Dahası böylesi bir değerlendirmenin artık kamuoyunu da aşan bir tarzda siyaset kurumuna sirayet ettiği anlaşılıyor.

Oysa bu tasnifin kimseye hiçbir yararı olmadığı gibi, bilâkis ülkeye zarar verdiğini/verebileceğini çok iyi idrâk etmek gerekir.

Süper-emperyalizmlerin meydan okumaları karşısında boyun bükmek, teslim olmak yahut mutlak bir "eklemlenmeye" tevessül etmek özgür ulus egemenliğine açılan pencereleri kendi elimizle kapatmakla eşanlamlıdır.

Kendimize yalan söylemenin veya kendimizi aldatmanın âlemi yok: Süper-emperyalizmler çağına girdik ve öyle görünüyor ki uzun bir müddet bu çağın kalbinde yaşayacağız. Bu anlamda "süper-emperyalizmler" artık bir olgudur.

Bu kabullenmeyle birlikte hem kutuplar arası rekabetin yaratacağı boşluklardan istifade etmek hem de kendi ulusal egemenlik kabiliyetimiz ile ısrarımızı rakip kutupların bize olan yaklaşımlarını etkilemekte kullanmak için yepyeni bir strateji icap ediyor.

Şu kesindir ki, bu süreçte, bilhassa da Türkiye işlevindeki ülkeler karşısında, neo-kolonyalizm kokan hiçbir siyaset tarzı (veya dili) müspet sonuç doğurmayacak ve topyekûn bir dirençle karşılanacaktır.

Olumsuzlukların dağıtılması ve direncin yerini dostluğun, müttefikliğin alması ise ancak ulusun özgür egemenlik alanlarına azami saygıyla yaklaşılmasıyla mümkündür.

21'inci yüzyılın süper-emperyalistleri için - eski emperyalistlerin alıştıkları gibi- yalnızca "almak" bir seçenek değildir.
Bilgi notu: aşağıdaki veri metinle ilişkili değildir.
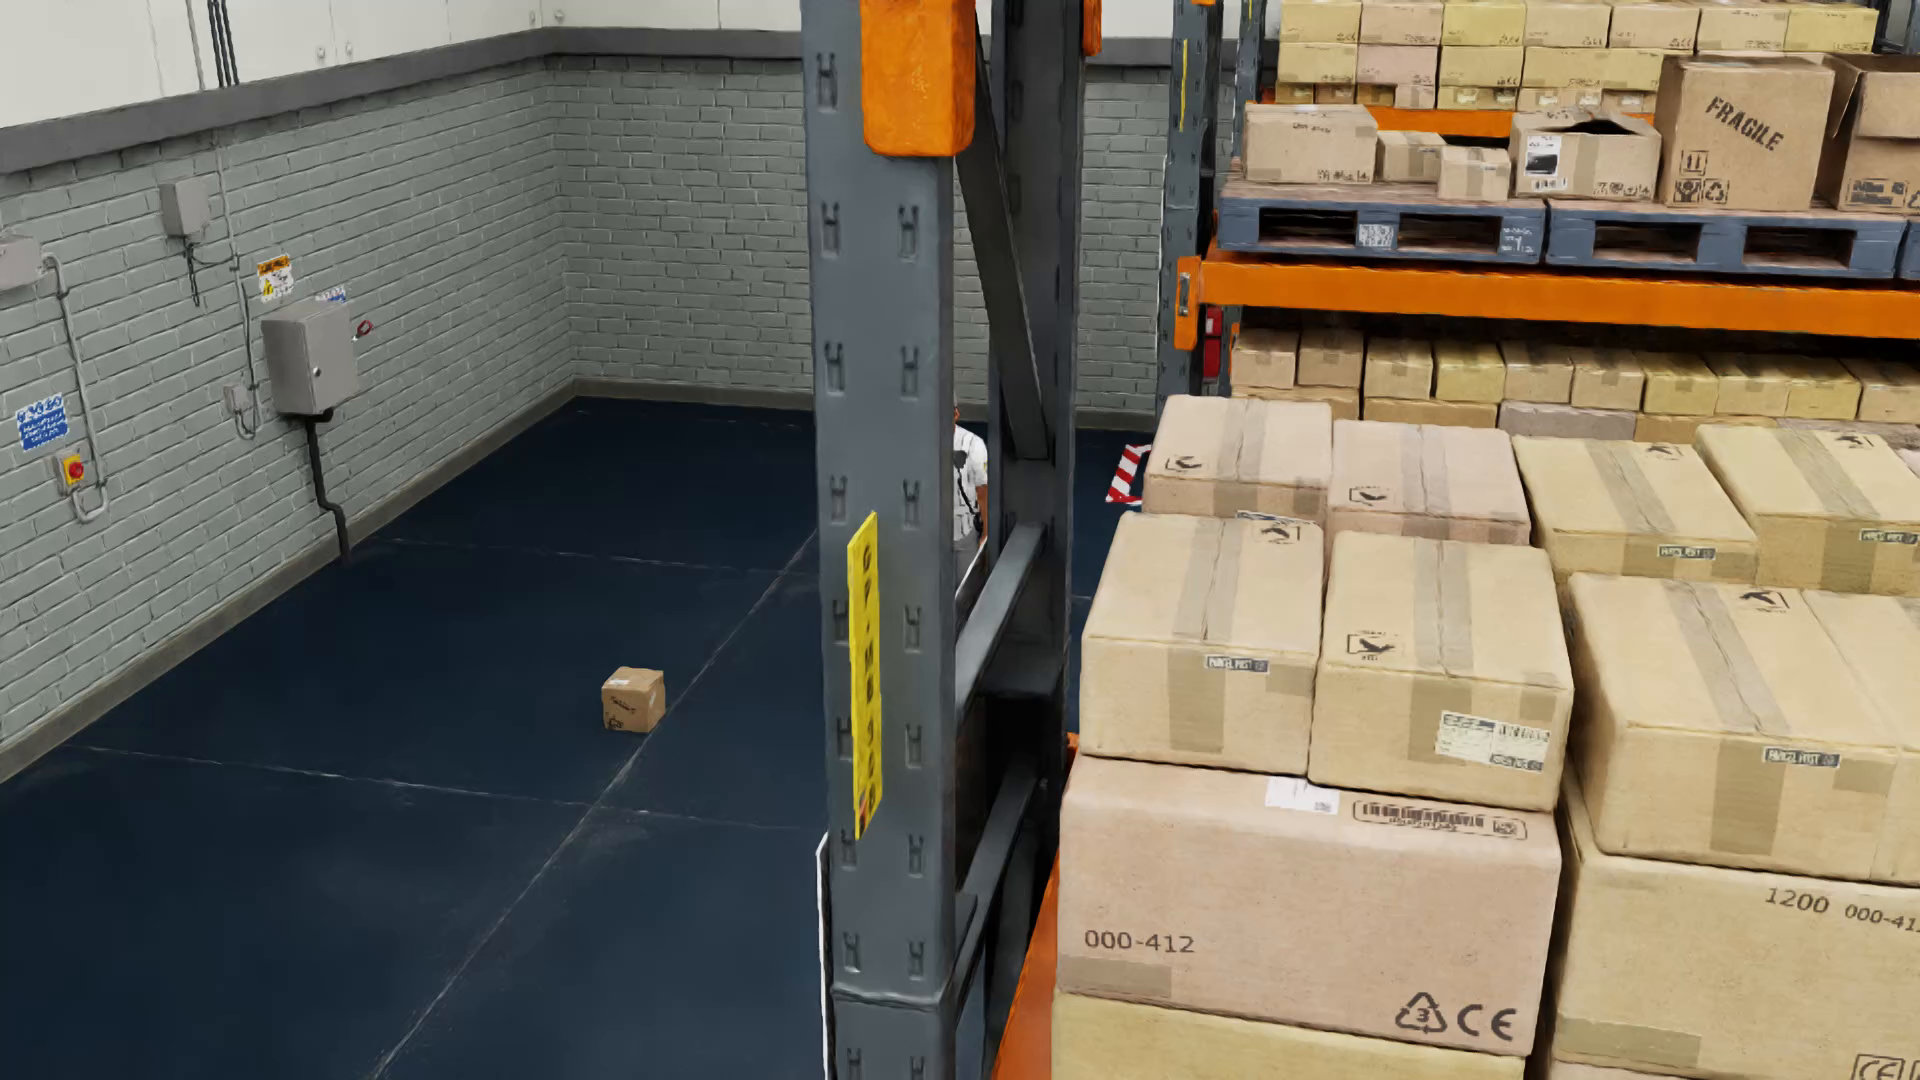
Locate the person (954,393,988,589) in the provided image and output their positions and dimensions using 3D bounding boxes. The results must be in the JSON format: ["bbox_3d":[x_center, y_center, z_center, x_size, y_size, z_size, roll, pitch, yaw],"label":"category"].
[{"bbox_3d":[-0.107,-0.043,9.157,0.681,1.650,0.582,4,22,9],"label":"person"}]

Yeni şartlarda artık almak vermeye de bağlıdır. Rekabet seçenek, seçenek de müzakere marjı demektir.

Oysa doğaları (emperyalist karakterleri) gereği istisnasız bütün süper-emperyalizmler (kimisi devamlı kimisi de aralıklarla olmak üzere) neo-kolonyal üslûba başvuruyorlar.

Bu anlarda tutturulacak yegâne yol, neo-kolonyal metodolojinin mazlum ulusun özgür egemenlik iradesinin sert kayalarına çarpmasına müsaade etmektir.

Zira bu metot ancak bu gerekli ve kaçınılmaz çarpmalarla törpülenebilecektir. 

Süper-emperyalizmler de yeni kavrayışa ancak bu vesilelerle ulaşabilecekler. 

Özetle, kendini dev aynasında görmek ile hiçleştirmek arasında doğru, haysiyetli bir denge noktası vardır ki, Türkiye işte bu noktaya oturmalıdır.

Bu noktaya ulaşmak için ise öznesi ulusal egemenlik olan üretime ve sosyal dayanışmaya dayalı bir ekonomik paradigmanın, uyanık bir siyaset kurumunun ve elbette etkin bir savunma gücünün yanında bunlardan güç alacak kapsamlı bir diplomasi doktrini lazımdır.

Çok çetin geçeceği şimdiden belli olan "süper-emperyalizmler" çağında Türkiye'nin kendi ulusal egemenlik ilke ve pratiğiyle ayakta kalabilmesi, dahası ilerleyebilmesi işte bunlara bağlıdır.

 

 

*Bu makalede yer alan fikirler yazara aittir ve Independent Türkçe’nin editöryal politikasını yansıtmayabilir.